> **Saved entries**
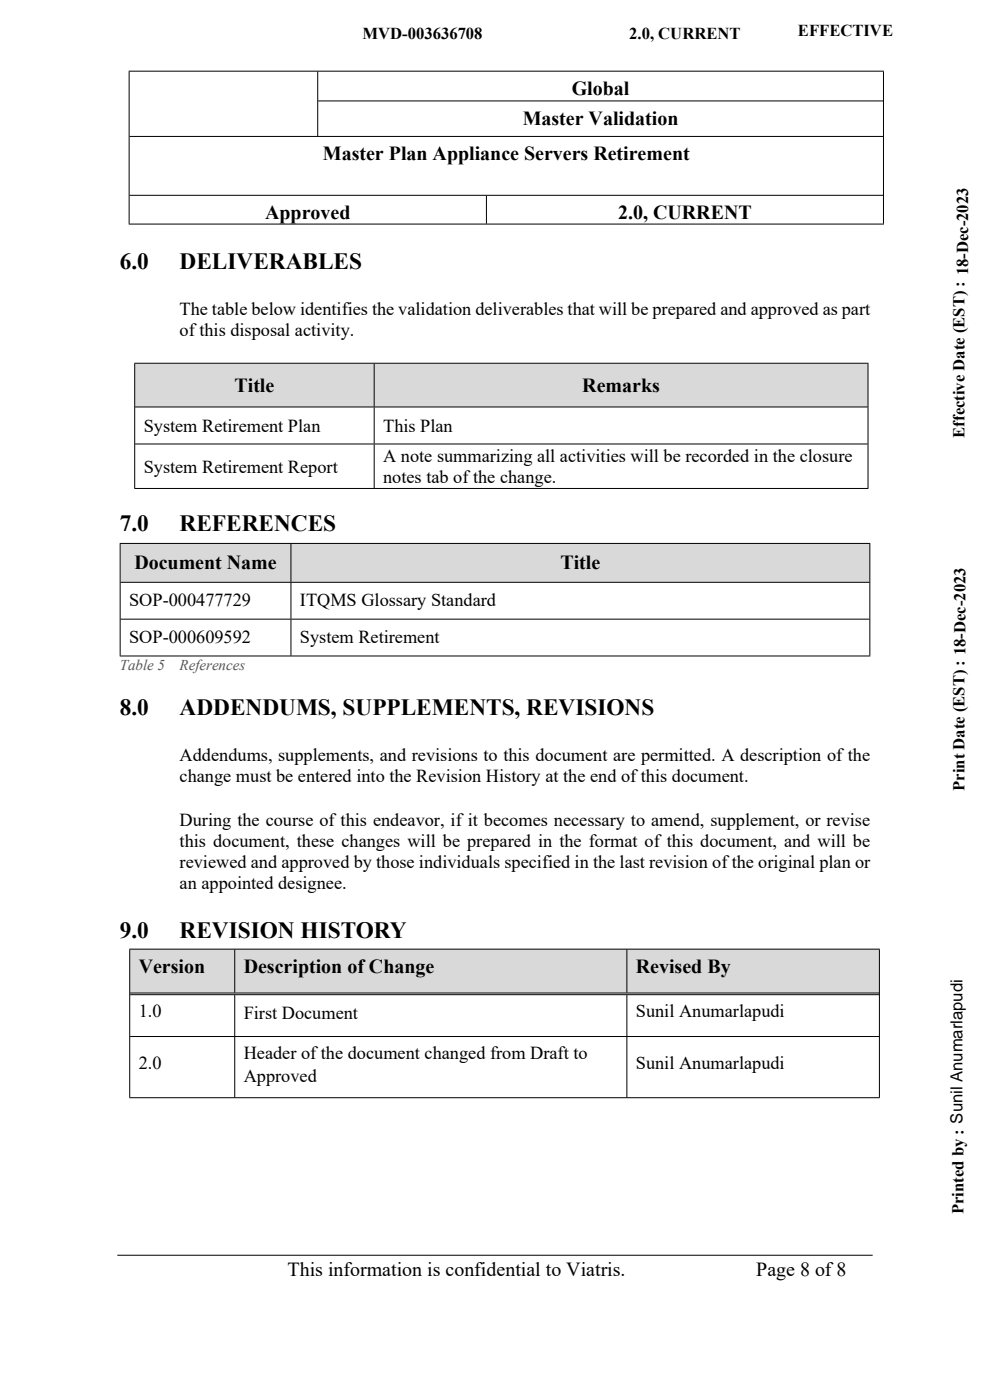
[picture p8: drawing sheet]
<svg xmlns="http://www.w3.org/2000/svg" width="210mm" height="297mm" viewBox="0 0 210 297" stroke-linecap="round" stroke-linejoin="round" font-family="sans-serif">
<defs><g id="words">
<g font-size="4.9">
<text x="25.4" y="57.1">6.0</text>
<text x="38.1" y="57.1">DELIVERABLES</text>
<text x="25.4" y="112.6">7.0</text>
<text x="38.1" y="112.6">REFERENCES</text>
<text x="25.4" y="151.7">8.0</text>
<text x="38.1" y="151.7">ADDENDUMS, SUPPLEMENTS, REVISIONS</text>
<text x="25.4" y="199">9.0</text>
<text x="38.1" y="199">REVISION HISTORY</text>
</g>
<g font-size="4.2">
<text x="121.3" y="20.2">Global</text>
<text x="110.9" y="26.5">Master Validation</text>
<text x="68.5" y="34">Master Plan Appliance Servers Retirement</text>
<text x="56.2" y="46.5">Approved</text>
<text x="131.1" y="46.5">2.0, CURRENT</text>
<text x="49.7" y="83.2">Title</text>
<text x="123.5" y="83.2">Remarks</text>
<text x="28.5" y="120.7">Document Name</text>
<text x="118.9" y="120.7">Title</text>
<text x="29.4" y="206.5">Version</text>
<text x="51.7" y="206.5">Description of Change</text>
<text x="134.9" y="206.5">Revised By</text>
<text x="61" y="270.7">This information is confidential to Viatris.</text>
<text x="160.4" y="270.7">Page 8 of 8</text>
</g>
<g font-size="3.9">
<text x="38.1" y="66.7">The table below identifies the validation deliverables that will be prepared and approved as part</text>
<text x="38.1" y="71.2">of this disposal activity.</text>
<text x="30.5" y="91.7">System Retirement Plan</text>
<text x="81.3" y="91.7">This Plan</text>
<text x="30.5" y="100.3">System Retirement Report</text>
<text x="81.3" y="98.1">A note summarizing all activities will be recorded in the closure</text>
<text x="81.3" y="102.5">notes tab of the change.</text>
<text x="27.4" y="128.7">SOP-000477729</text>
<text x="63.6" y="128.7">ITQMS Glossary Standard</text>
<text x="27.4" y="136.5">SOP-000609592</text>
<text x="63.6" y="136.5">System Retirement</text>
<text x="38.1" y="161.4">Addendums, supplements, and revisions to this document are permitted. A description of the</text>
<text x="38.1" y="165.8">change must be entered into the Revision History at the end of this document.</text>
<text x="38.1" y="175.2">During the course of this endeavor, if it becomes necessary to amend, supplement, or revise</text>
<text x="38.1" y="179.7">this document, these changes will be prepared in the format of this document, and will be</text>
<text x="38.1" y="184.2">reviewed and approved by those individuals specified in the last revision of the original plan or</text>
<text x="38.1" y="188.6">an appointed designee.</text>
<text x="29.4" y="215.8">1.0</text>
<text x="134.9" y="215.8">Sunil Anumarlapudi</text>
<text x="51.7" y="216.1">First Document</text>
<text x="29.4" y="226.7">2.0</text>
<text x="51.7" y="224.7">Header of the document changed from Draft to</text>
<text x="134.9" y="226.7">Sunil Anumarlapudi</text>
<text x="51.7" y="229.5">Approved</text>
</g>
<g font-size="3.5">
<text x="76.9" y="8.2">MVD-003636708</text>
<text x="133.5" y="8.2">2.0, CURRENT</text>
<text x="169.3" y="7.6">EFFECTIVE</text>
<text x="204.6" y="92.8" transform="rotate(-90 204.6 92.8)">Effective Date (EST) : 18-Dec-2023</text>
<text x="204.6" y="167.8" transform="rotate(-90 204.6 167.8)">Print Date (EST) : 18-Dec-2023</text>
<text x="204.4" y="257.6" transform="rotate(-90 204.4 257.6)">Printed by : Sunil Anumarlapudi</text>
</g>
<g font-size="3.2" fill="#44546a">
<text x="25.4" y="142.2">Table 5</text>
<text x="38.1" y="142.2">References</text>
</g>
</g></defs>
<path d="M27.3 15.1h160.2M27.4 15.2v32.2M67.4 15.2v13.7M187.4 15.2v32.2M27.5 28.9h159.8M67.5 21.4h119.8M27.3 47.5h160.2M27.5 41.4h159.8M103.2 41.5v5.9M24.9 266.3h160.2" fill="none" stroke="#000" stroke-width=".21"/>
<g fill="#d9d9d9">
<path d="M28.7 77.2h50.6v9.1h-50.6z" fill-rule="evenodd"/>
<path d="M79.5 77.2h104.5v9.1h-104.5z" fill-rule="evenodd"/>
</g>
<path d="M28.5 77.1h155.7M28.6 77.2v26.3M79.4 77.2v9.1M184.1 77.2v26.3M28.7 86.3h155.3M28.7 94.2h155.3M79.4 86.4v7.7M79.4 94.3v9.2M28.5 103.6h155.7" fill="none" stroke="#000" stroke-width=".21"/>
<g fill="#d9d9d9">
<path d="M25.6 115.4h36v8h-36z" fill-rule="evenodd"/>
<path d="M61.8 115.4h122.6v8h-122.6z" fill-rule="evenodd"/>
</g>
<path d="M25.4 115.3h159.2M25.5 115.4v23.7M61.7 115.4v8M184.5 115.4v23.7M25.4 139.2h159.2M25.6 123.5h158.8M25.6 131.4h158.8M61.7 123.6v7.7M61.7 131.4v7.7" fill="none" stroke="#000" stroke-width=".21"/>
<g fill="#d9d9d9">
<path d="M27.6 201.4h22.1v9.2h-22.1z" fill-rule="evenodd"/>
<path d="M49.9 201.4h83v9.2h-83z" fill-rule="evenodd"/>
<path d="M133.1 201.4h53.4v9.2h-53.4z" fill-rule="evenodd"/>
</g>
<g fill="none" stroke="#000" stroke-width=".21">
<path d="M27.4 201.4h159.2M27.5 201.4v31.4M27.6 211h158.9M27.6 210.7h158.9M27.6 219.9h158.9M49.8 201.4v9.2M49.8 211.1v8.7M49.8 220v12.8M133 201.4v9.2M133 211.1v8.7M133 220v12.8M186.5 201.4v31.4"/>
<path d="M27.4 232.9h159.2"/>
</g>
<use href="#words"/>
</svg>

> **EXERCISE INSTRUCTIONS**
All of the entries above should be retyped exactly, with the pictures left out.

> **TASK SOLUTION**
[picture p8: drawing sheet]
<svg xmlns="http://www.w3.org/2000/svg" width="210mm" height="297mm" viewBox="0 0 210 297" stroke-linecap="round" stroke-linejoin="round" font-family="sans-serif">
<defs><g id="words">
<g font-size="4.9">
<text x="25.4" y="57.1">6.0</text>
<text x="38.1" y="57.1">DELIVERABLES</text>
<text x="25.4" y="112.6">7.0</text>
<text x="38.1" y="112.6">REFERENCES</text>
<text x="25.4" y="151.7">8.0</text>
<text x="38.1" y="151.7">ADDENDUMS, SUPPLEMENTS, REVISIONS</text>
<text x="25.4" y="199">9.0</text>
<text x="38.1" y="199">REVISION HISTORY</text>
</g>
<g font-size="4.2">
<text x="121.3" y="20.2">Global</text>
<text x="110.9" y="26.5">Master Validation</text>
<text x="68.5" y="34">Master Plan Appliance Servers Retirement</text>
<text x="56.2" y="46.5">Approved</text>
<text x="131.1" y="46.5">2.0, CURRENT</text>
<text x="49.7" y="83.2">Title</text>
<text x="123.5" y="83.2">Remarks</text>
<text x="28.5" y="120.7">Document Name</text>
<text x="118.9" y="120.7">Title</text>
<text x="29.4" y="206.5">Version</text>
<text x="51.7" y="206.5">Description of Change</text>
<text x="134.9" y="206.5">Revised By</text>
<text x="61" y="270.7">This information is confidential to Viatris.</text>
<text x="160.4" y="270.7">Page 8 of 8</text>
</g>
<g font-size="3.9">
<text x="38.1" y="66.7">The table below identifies the validation deliverables that will be prepared and approved as part</text>
<text x="38.1" y="71.2">of this disposal activity.</text>
<text x="30.5" y="91.7">System Retirement Plan</text>
<text x="81.3" y="91.7">This Plan</text>
<text x="30.5" y="100.3">System Retirement Report</text>
<text x="81.3" y="98.1">A note summarizing all activities will be recorded in the closure</text>
<text x="81.3" y="102.5">notes tab of the change.</text>
<text x="27.4" y="128.7">SOP-000477729</text>
<text x="63.6" y="128.7">ITQMS Glossary Standard</text>
<text x="27.4" y="136.5">SOP-000609592</text>
<text x="63.6" y="136.5">System Retirement</text>
<text x="38.1" y="161.4">Addendums, supplements, and revisions to this document are permitted. A description of the</text>
<text x="38.1" y="165.8">change must be entered into the Revision History at the end of this document.</text>
<text x="38.1" y="175.2">During the course of this endeavor, if it becomes necessary to amend, supplement, or revise</text>
<text x="38.1" y="179.7">this document, these changes will be prepared in the format of this document, and will be</text>
<text x="38.1" y="184.2">reviewed and approved by those individuals specified in the last revision of the original plan or</text>
<text x="38.1" y="188.6">an appointed designee.</text>
<text x="29.4" y="215.8">1.0</text>
<text x="134.9" y="215.8">Sunil Anumarlapudi</text>
<text x="51.7" y="216.1">First Document</text>
<text x="29.4" y="226.7">2.0</text>
<text x="51.7" y="224.7">Header of the document changed from Draft to</text>
<text x="134.9" y="226.7">Sunil Anumarlapudi</text>
<text x="51.7" y="229.5">Approved</text>
</g>
<g font-size="3.5">
<text x="76.9" y="8.2">MVD-003636708</text>
<text x="133.5" y="8.2">2.0, CURRENT</text>
<text x="169.3" y="7.6">EFFECTIVE</text>
<text x="204.6" y="92.8" transform="rotate(-90 204.6 92.8)">Effective Date (EST) : 18-Dec-2023</text>
<text x="204.6" y="167.8" transform="rotate(-90 204.6 167.8)">Print Date (EST) : 18-Dec-2023</text>
<text x="204.4" y="257.6" transform="rotate(-90 204.4 257.6)">Printed by : Sunil Anumarlapudi</text>
</g>
<g font-size="3.2" fill="#44546a">
<text x="25.4" y="142.2">Table 5</text>
<text x="38.1" y="142.2">References</text>
</g>
</g></defs>
<path d="M27.3 15.1h160.2M27.4 15.2v32.2M67.4 15.2v13.7M187.4 15.2v32.2M27.5 28.9h159.8M67.5 21.4h119.8M27.3 47.5h160.2M27.5 41.4h159.8M103.2 41.5v5.9M24.9 266.3h160.2" fill="none" stroke="#000" stroke-width=".21"/>
<g fill="#d9d9d9">
<path d="M28.7 77.2h50.6v9.1h-50.6z" fill-rule="evenodd"/>
<path d="M79.5 77.2h104.5v9.1h-104.5z" fill-rule="evenodd"/>
</g>
<path d="M28.5 77.1h155.7M28.6 77.2v26.3M79.4 77.2v9.1M184.1 77.2v26.3M28.7 86.3h155.3M28.7 94.2h155.3M79.4 86.4v7.7M79.4 94.3v9.2M28.5 103.6h155.7" fill="none" stroke="#000" stroke-width=".21"/>
<g fill="#d9d9d9">
<path d="M25.6 115.4h36v8h-36z" fill-rule="evenodd"/>
<path d="M61.8 115.4h122.6v8h-122.6z" fill-rule="evenodd"/>
</g>
<path d="M25.4 115.3h159.2M25.5 115.4v23.7M61.7 115.4v8M184.5 115.4v23.7M25.4 139.2h159.2M25.6 123.5h158.8M25.6 131.4h158.8M61.7 123.6v7.7M61.7 131.4v7.7" fill="none" stroke="#000" stroke-width=".21"/>
<g fill="#d9d9d9">
<path d="M27.6 201.4h22.1v9.2h-22.1z" fill-rule="evenodd"/>
<path d="M49.9 201.4h83v9.2h-83z" fill-rule="evenodd"/>
<path d="M133.1 201.4h53.4v9.2h-53.4z" fill-rule="evenodd"/>
</g>
<g fill="none" stroke="#000" stroke-width=".21">
<path d="M27.4 201.4h159.2M27.5 201.4v31.4M27.6 211h158.9M27.6 210.7h158.9M27.6 219.9h158.9M49.8 201.4v9.2M49.8 211.1v8.7M49.8 220v12.8M133 201.4v9.2M133 211.1v8.7M133 220v12.8M186.5 201.4v31.4"/>
<path d="M27.4 232.9h159.2"/>
</g>
<use href="#words"/>
</svg>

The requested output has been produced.